In plants, EBP1 attracted attention as a growth driver both in Arabidopsis and in crop species, where it was shown to increase potato yield (Horváth et al., 2006) and to associate with hybrid vigor in maize (Wang et al., 2016). However, the molecular function and how EBP1 acts to increase plant growth and crop yield remained unknown. Here we show that EBP1 associates with proteins that bind RNA and are involved in a broad range of functions from ribosome biogenesis to transcriptional and translational regulation. Specifically, (1) plant EBP1 can localize to nucleoli, (2) EBP1 is found in cellular fractions containing ribosomal subunits as well as polysomes, and (3) silencing of EBP1 causes imbalances in the pattern of rRNA processing intermediates. In addition, we find that EBP1 antagonizes RBR action to maintain proliferation in the meristem, and sustains root growth, specifically in sucrose-limiting conditions.
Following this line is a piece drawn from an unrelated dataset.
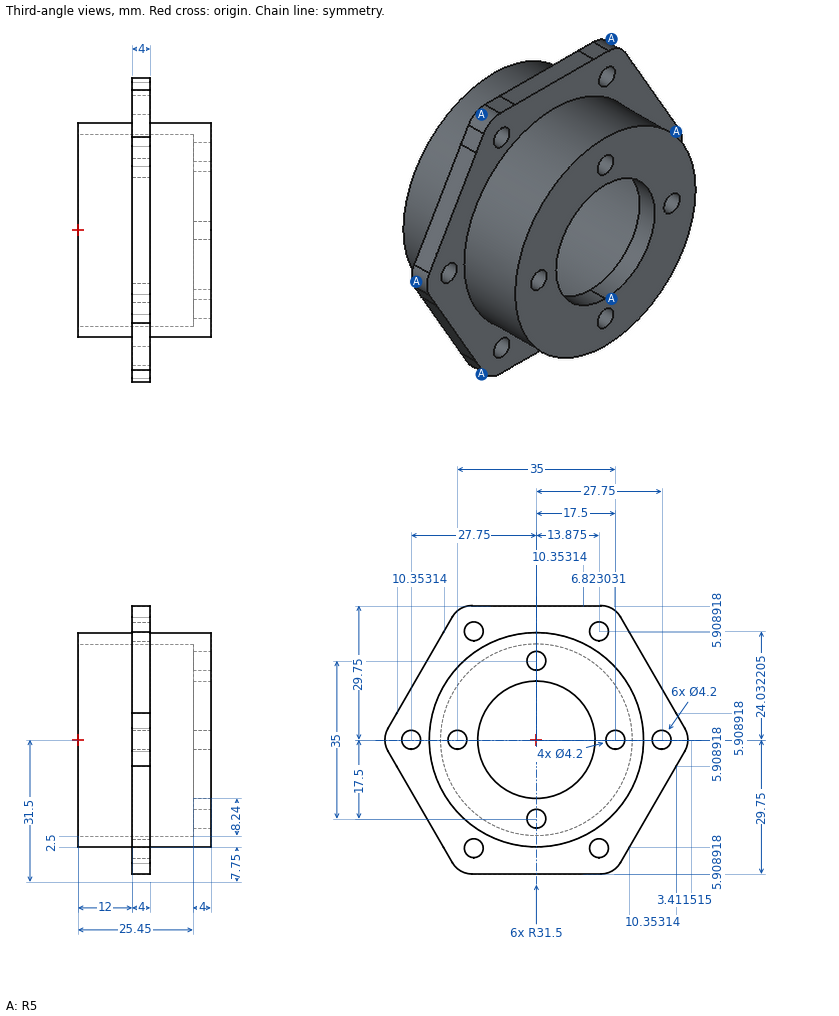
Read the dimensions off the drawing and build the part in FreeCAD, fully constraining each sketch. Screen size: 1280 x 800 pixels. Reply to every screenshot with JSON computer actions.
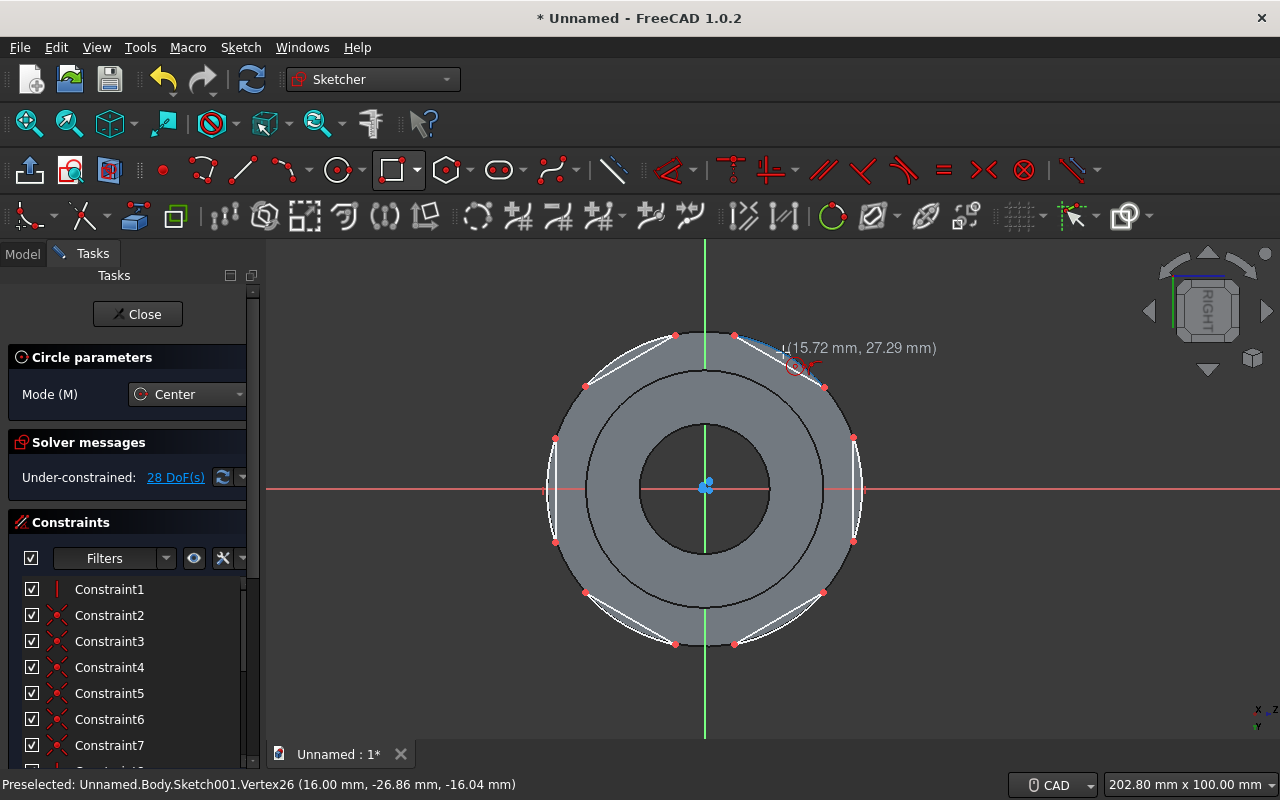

Nutrient limiting conditions as well as abiotic stress constrain growth. It is of particular importance that plants maintain the proliferation potential in the meristem under these conditions (Julkowska and Testerink, 2015). For example, drought triggers jasmonate signaling, which counteracts the decline of EBP1 expression as leaf development progresses and cell proliferation gradually ceases (Kim et al., 2017). The same regulation is also observed for the large majority of genes coregulated with EBP1 in the ribi regulon (Noir et al., 2013). Thus, drought perception through jasmonate signaling has been suggested to establish a “ready-to-go” state that enables rapid recovery of meristematic functions after the stress subsides. Correspondingly, elevated EBP1 expression confers resistance to abiotic stresses such as cold (Cao et al., 2009) and drought (Cheng et al., 2016). Under stress, survival and growth are separate events, and it is likely that EBP1 is involved in the latter (Skirycz et al., 2011).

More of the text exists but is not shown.